- **Work request**
An exact transcription of the records is required, minus any images.

Dataset records:
------------------------------------
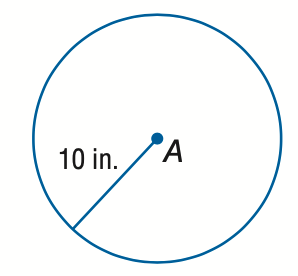Answer the mathemtical geometry problem and directly provide the correct option letter.
Question: Find the circumference of \odot A.
Choices: A: 10 \pi B: 20 \pi C: 50 \pi D: 100 \pi B 
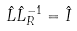<formula> <loc_0><loc_0><loc_500><loc_500>\hat { L } \hat { L } _ { R } ^ { - 1 } = \hat { I }</formula> 
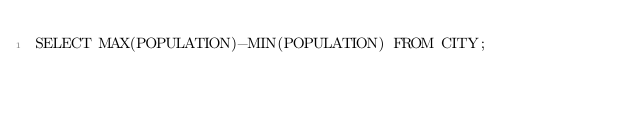Convert code to text. <code><loc_0><loc_0><loc_500><loc_500><_SQL_>SELECT MAX(POPULATION)-MIN(POPULATION) FROM CITY;</code> 
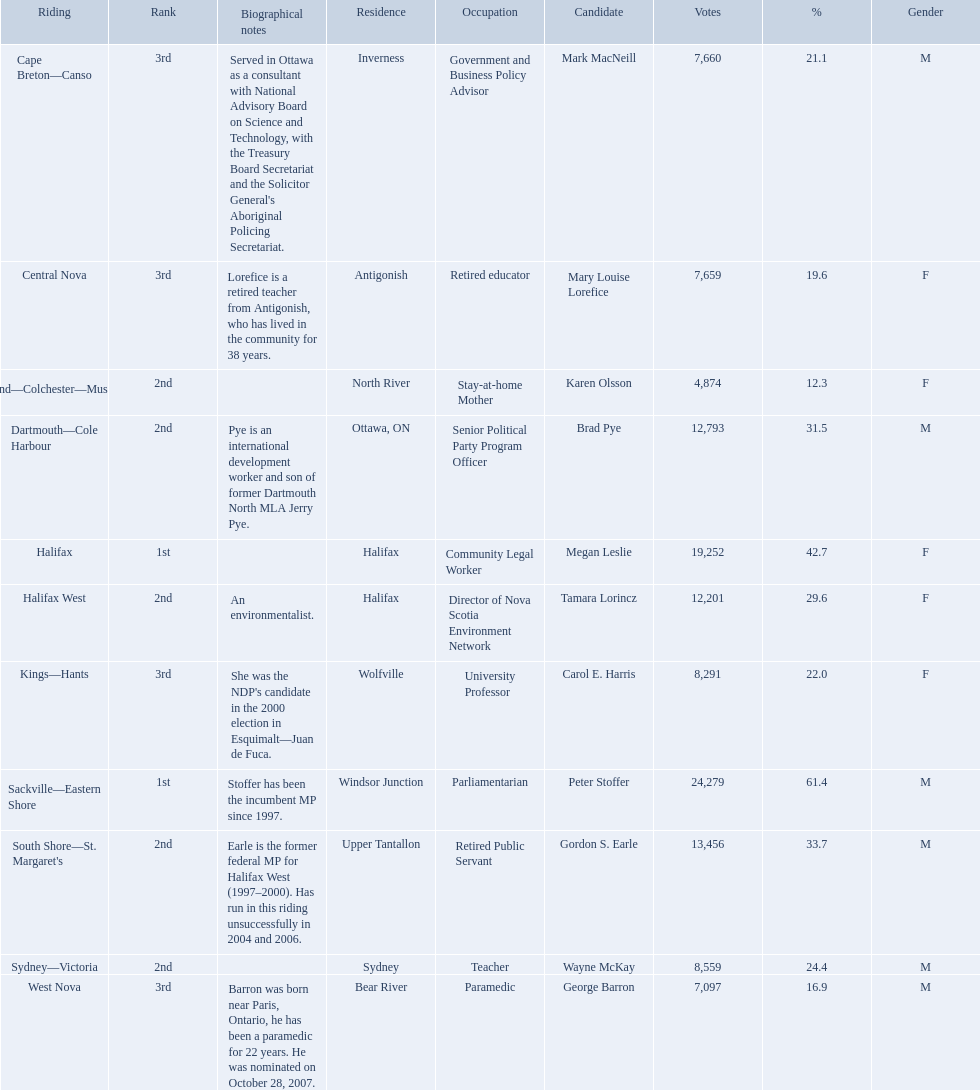Which candidates have the four lowest amount of votes Mark MacNeill, Mary Louise Lorefice, Karen Olsson, George Barron. Out of the following, who has the third most? Mark MacNeill.
------------------------------------
- **Answer to this exercise**
Answer the mathemtical geometry problem and directly provide the correct option letter.
Question: Find the circumference of \odot A.
Choices: A: 10 \pi B: 20 \pi C: 50 \pi D: 100 \pi B 
<formula> <loc_0><loc_0><loc_500><loc_500>\hat { L } \hat { L } _ { R } ^ { - 1 } = \hat { I }</formula> 
Convert code to text. <code><loc_0><loc_0><loc_500><loc_500><_SQL_>SELECT MAX(POPULATION)-MIN(POPULATION) FROM CITY;</code> 
Which candidates have the four lowest amount of votes Mark MacNeill, Mary Louise Lorefice, Karen Olsson, George Barron. Out of the following, who has the third most? Mark MacNeill.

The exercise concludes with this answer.